他伸出另一只手,轻轻摸了摸平平的两只耳朵。
平平被摸得痒痒,缩了缩脖子,“咯咯”地笑了起来。
安安在林慧娘怀里看了一会儿,大概是觉得哥哥占了便宜,也伸出两只小手,朝李瑾瑜的方向扑腾著,嘴里“啊啊”地叫著,意思是,我也要。
李瑾瑜连忙把安安也接过来,一左一右抱在膝上。
两个小傢伙一个比一个沉,压得他这把老骨头有些吃不消,可他捨不得鬆手。
他左看看,右看看,看看平平圆圆的脸蛋,看看安安亮晶晶的眼睛,忽然觉得心里那个空了快一年的洞,正在一点一点地被填满。
“好。”他喃喃地说,声音沙哑得几乎听不清,“好孩子。
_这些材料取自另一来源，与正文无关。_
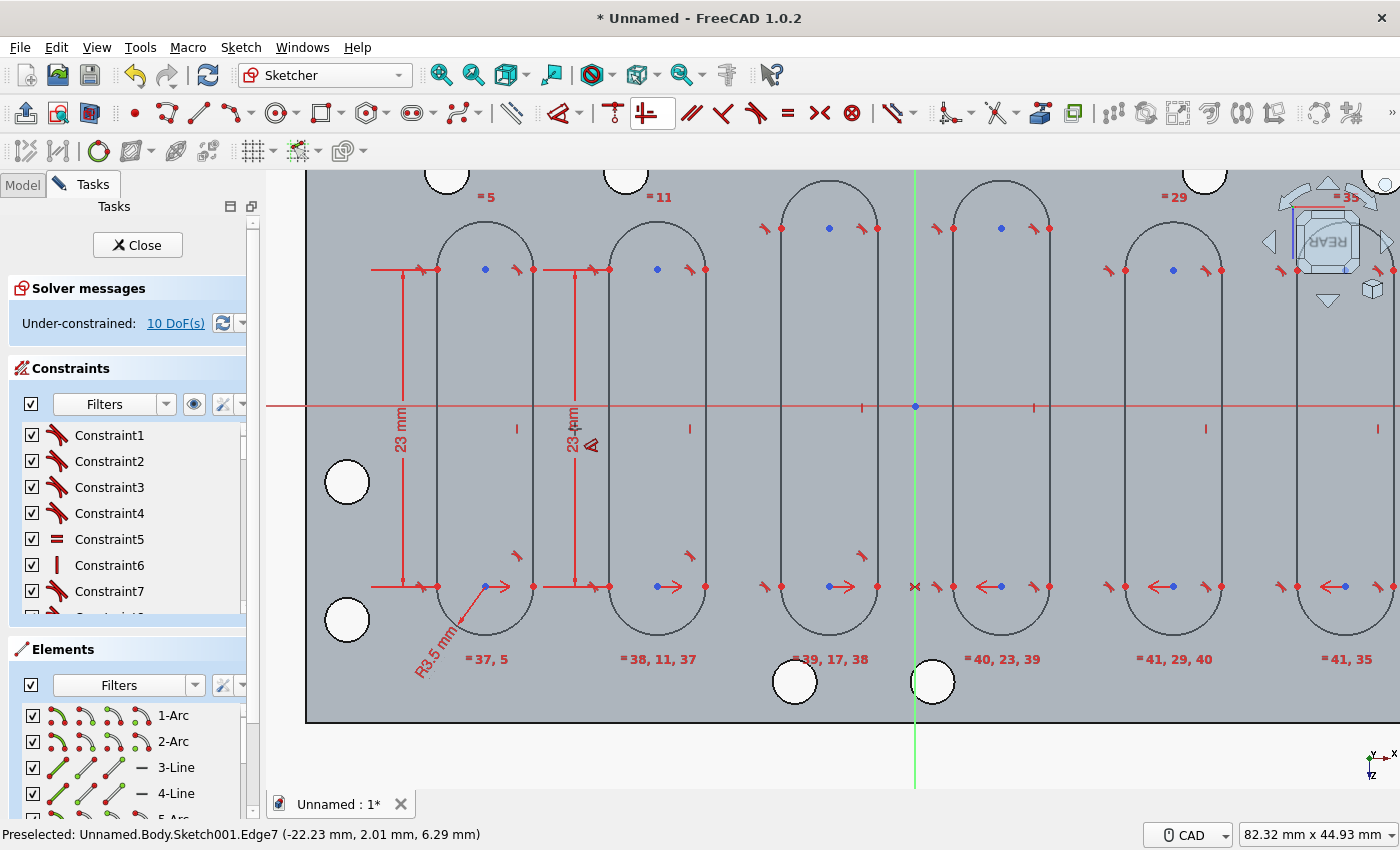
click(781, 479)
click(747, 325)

”
林慧娘站在一旁,看著这一幕,眼眶也红了。
她偷偷用袖子擦了擦眼角,然后走到茶几边,把那碟桂花糕端过来,掰成小块,递给平平一块,又递给安安一块。
两个孩子一人抓著一块桂花糕,吃得满脸都是渣,安安还把糕渣糊在了李瑾瑜的袖子上。
李瑾瑜低头看了看袖子上那团黏糊糊的糕渣,不但没有皱眉,反而笑了。
那笑容很淡,只是嘴角微微往上扯了一下,却让他那张苍老的、布满皱纹的脸在这一刻显得格外柔和。
李逸站在门口,看著父皇抱著两个孩子笑得像个孩子,看著岳母红著眼眶在一旁递糕,看著妻子蹲在父皇膝边替平平擦嘴。
他忽然想起外祖母说过的那句话——“平平安安会笑了吧?会叫爹了吧?”
外祖母没有等到这一天。
可父皇等到了。
他转过身,悄悄退出了暖阁。
门外,雪还在下,纷纷扬扬的,將整座皇城染成一片洁白。
他站在廊下,深深地吸了一口气,冷冽的空气灌入肺腑,凉丝丝的,却让他觉得胸口那块压了许久的石头终於彻底落了地。
身后传来平平“咯咯”的笑声,和父皇沙哑的、带著笑意的声音:“別抢別抢,安安那块比你的大?来,皇祖父给你换一块。”
李逸的嘴角翘了起来。
他知道,这个冬天,不会太冷了。